Is Strongtalk going to be fully multithreaded?
Smalltalk semantics traditionally haven't included that, and it would break a lot of existing Smalltalk code, but given that the world is going multi-core, it is becoming much more important to be fully multithreaded, so I think it is definitely something that should be on the to-do-list (and it is already, if you look at the issues database).
At least all the Smalltalk code I wrote in the core libraries was designed with multi-threading in mind, so there are monitors or critical regions around important shared globals, class variables etc, so some of the work at the Smalltalk level is done, although you never really know if it will deadlock until you turn multithreading on. In fact the frequent hanging problem we had in the initial release was because of a deadlock caused by a critical region I had put around the event 'grab' stack, which I solved for now just by removing the semaphore, since it isn't needed yet anyway. So these things are not easy.
But most of the work needed is in the VM. We already use native threads, so that part is done, but only one thread is allowed to run in Smalltalk at a time right now, because the VM itself isn't internally thread-safe. It is a big job to make a VM multi-threaded (and the hardest part is testing, which becomes non-deterministic once you go multi-threaded), and like all the other big items on the list, it all depends on whether we can get smart people to step up to the plate and work on it. It isn't going to happen by itself.
>>> I suppose adding new instance variables on to the end of an object >>> is the >>> only case that is safe, after all.
>> Right... luckily that's what we'd be doing
> As David pointed out, that's not always what we'll be doing.
A simple way around this would be to compile accessor methods for all instance variables and have the Ruby compiler generate accessor calls rather than direct variable accesses. Then when you add a variable, you can put it anywhere you like; you just have to make sure to update all the accessor methods. With inlining, it wouldn't even be much of a performance hit.
[snip a bunch of stuff, here and at the end]

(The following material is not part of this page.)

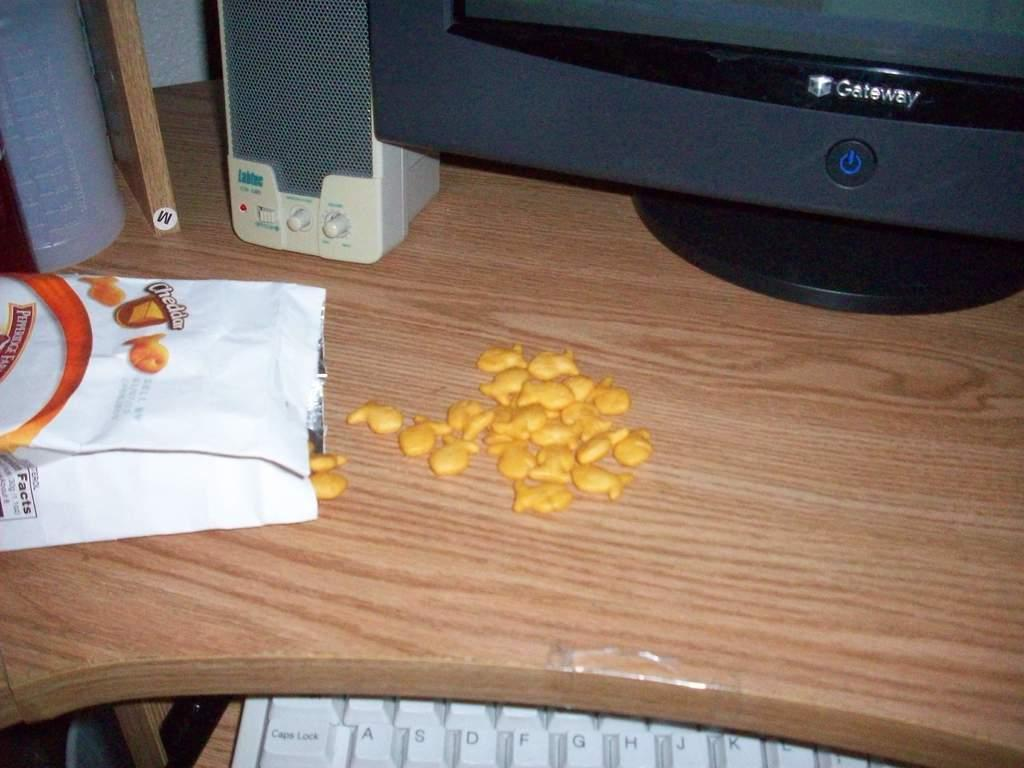What is the food item on the desk in the image? The provided facts do not specify the type of food item on the desk. What type of electronic device is visible in the image? There is a monitor in the image. What other electronic device is present in the image? There is a speaker in the image. What might be used for typing or inputting commands in the image? There is a keyboard in the image. What type of vest is hanging in the image? There is no vest present in the image. In which direction is the speaker facing in the image? The provided facts do not specify the direction the speaker is facing.

> Imagine that you're inside of a loop that's has an inlined > function. The > unoptimized loop would have called "baz" but now its just a loop that > intertwines "baz" code with whatever other code runs in that loop, > maybe > it's even unrolled the loop by 4 and interwined 4 instances of > "baz". In > that case you're basically screwed if you have to simulate changing > "baz" on > an index that isn't a multiple of 4.
Ok, I think I see where you're coming from. If you've got code that calls a method inside a loop, and that method is modified, you've now inlined the wrong implementation and you've got to deoptimize the stack with the partially-executed loop intact so that subsequent invocations of the changed method will work correctly.
Fair enough, but I still don't see the need for explicit support for Ruby in the Strongtalk VM. My logic goes like this:
1. Ruby and Smalltalk both allow methods to be modified at arbitrary times during execution.
2. The Strongtalk VM supports this for Smalltalk code today. (As far as I know...)
3. Ruby methods and Smalltalk methods would be indistinguishable at the bytecode level.
4. Therefore dynamically modified Ruby methods should work just as well as Smalltalk methods.
My assumptions might be wrong, and there might be hidden gotchas, but I do think this is pretty straightforward. My inclination would be to implement the Ruby compiler and runtime support entirely in Smalltalk, and focus on getting the semantics right, even at the expense of speed. That would still produce a Ruby implementation faster than the existing one, and it could then be tuned further if need be.